# Dataset content
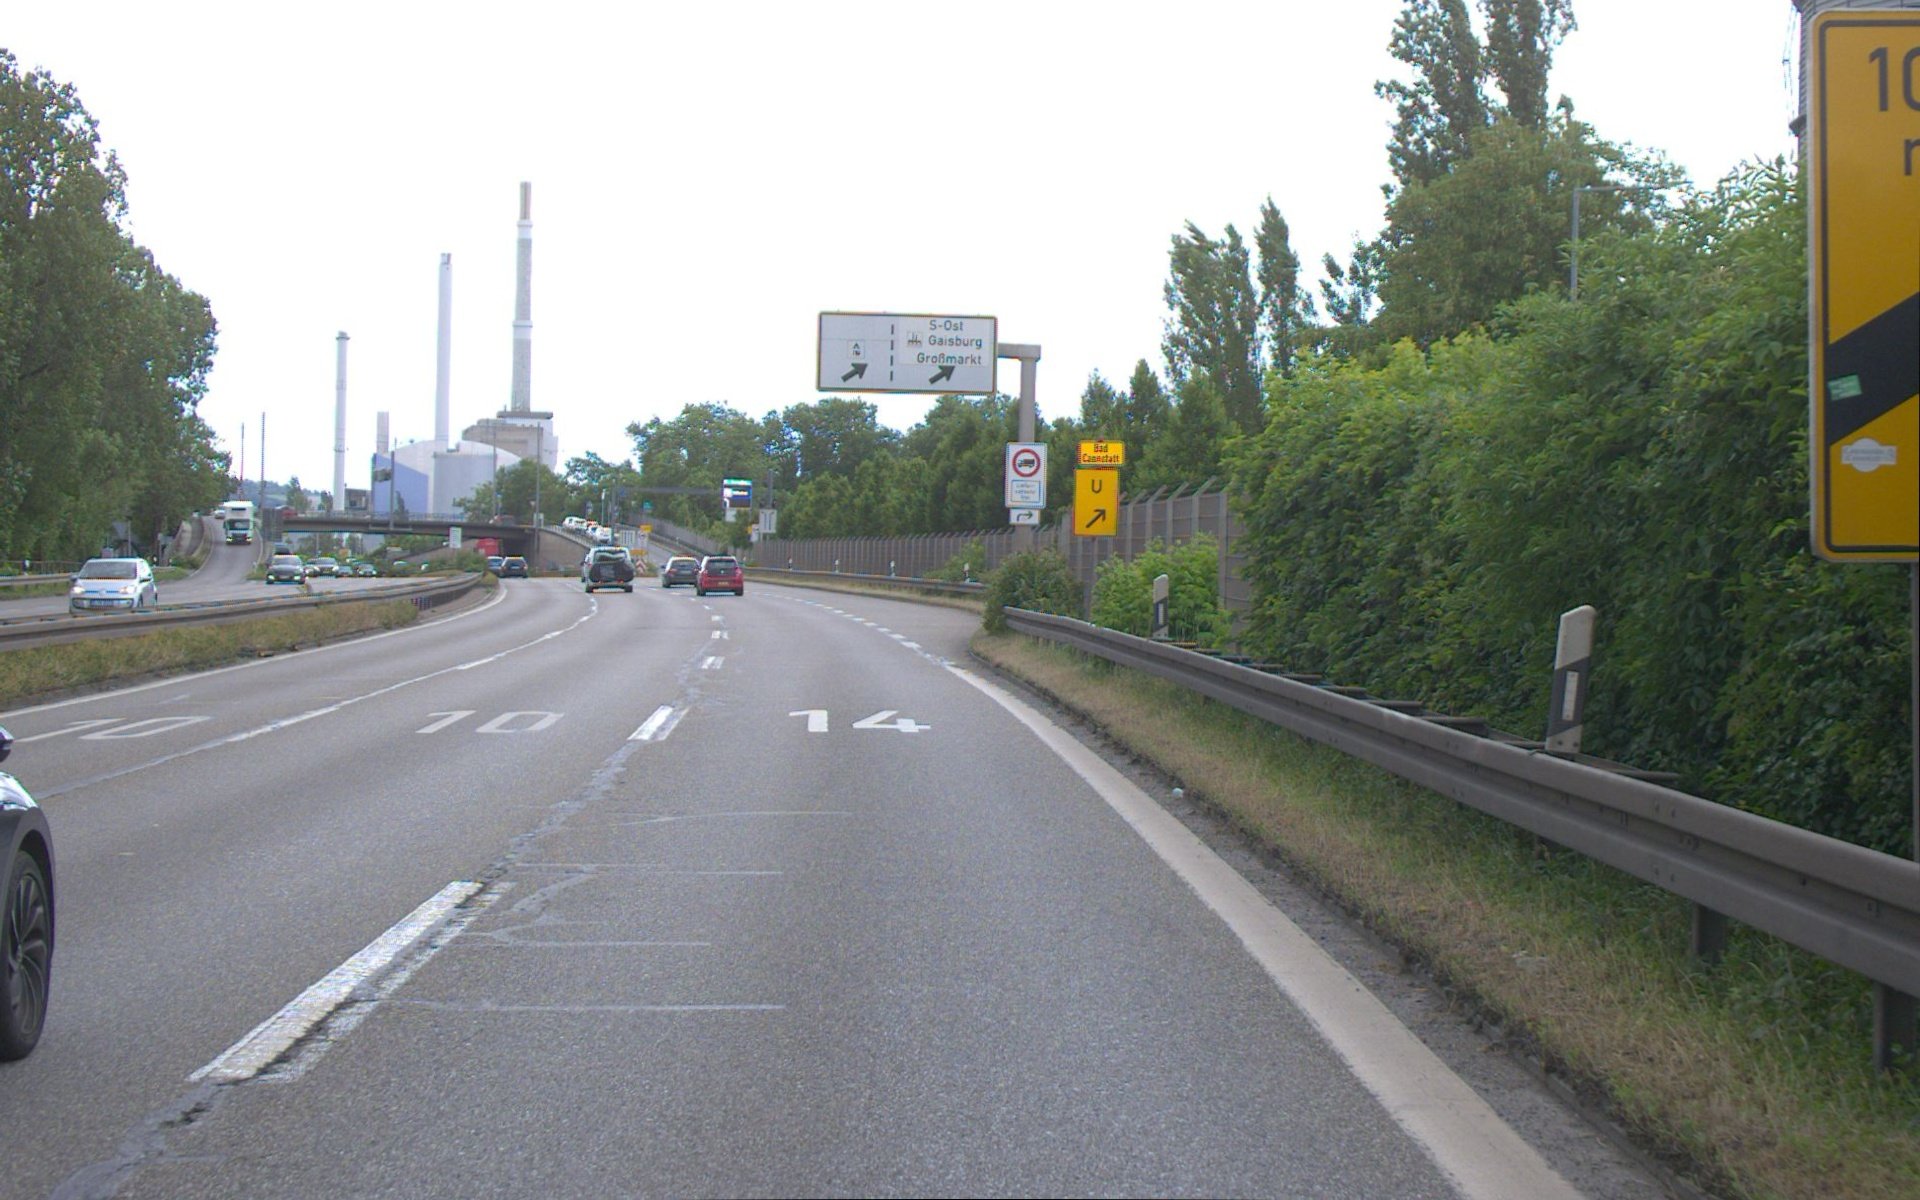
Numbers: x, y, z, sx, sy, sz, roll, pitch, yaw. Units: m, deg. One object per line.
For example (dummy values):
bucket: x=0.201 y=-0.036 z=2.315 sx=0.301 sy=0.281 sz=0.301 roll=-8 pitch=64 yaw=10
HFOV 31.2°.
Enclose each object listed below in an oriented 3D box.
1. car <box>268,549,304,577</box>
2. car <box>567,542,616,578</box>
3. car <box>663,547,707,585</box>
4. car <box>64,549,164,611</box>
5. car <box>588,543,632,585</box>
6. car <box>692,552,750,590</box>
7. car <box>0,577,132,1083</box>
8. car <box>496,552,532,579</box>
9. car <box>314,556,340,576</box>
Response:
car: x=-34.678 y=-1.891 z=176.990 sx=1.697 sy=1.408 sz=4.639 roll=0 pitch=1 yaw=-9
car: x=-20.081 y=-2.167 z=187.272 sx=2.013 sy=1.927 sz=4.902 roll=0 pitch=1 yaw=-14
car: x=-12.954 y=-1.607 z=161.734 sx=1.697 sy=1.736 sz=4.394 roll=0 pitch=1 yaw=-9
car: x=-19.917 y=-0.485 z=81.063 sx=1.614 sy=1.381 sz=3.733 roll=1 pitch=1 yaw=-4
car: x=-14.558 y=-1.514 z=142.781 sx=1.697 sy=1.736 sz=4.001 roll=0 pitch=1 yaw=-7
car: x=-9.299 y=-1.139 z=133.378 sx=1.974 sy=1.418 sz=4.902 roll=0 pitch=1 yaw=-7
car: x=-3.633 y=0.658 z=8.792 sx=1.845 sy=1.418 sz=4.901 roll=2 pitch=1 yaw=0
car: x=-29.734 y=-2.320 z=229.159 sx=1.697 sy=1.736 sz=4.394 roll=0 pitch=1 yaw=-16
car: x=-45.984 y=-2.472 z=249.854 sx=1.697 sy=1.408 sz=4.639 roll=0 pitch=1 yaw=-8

# Work to be completed
All lines above from the one containing "Enclose each object" to the one containing "9. car <box>314,556,340,576</box>" must be repeated exactly, both lines included, and no others.

# Answer below
Enclose each object listed below in an oriented 3D box.
1. car <box>268,549,304,577</box>
2. car <box>567,542,616,578</box>
3. car <box>663,547,707,585</box>
4. car <box>64,549,164,611</box>
5. car <box>588,543,632,585</box>
6. car <box>692,552,750,590</box>
7. car <box>0,577,132,1083</box>
8. car <box>496,552,532,579</box>
9. car <box>314,556,340,576</box>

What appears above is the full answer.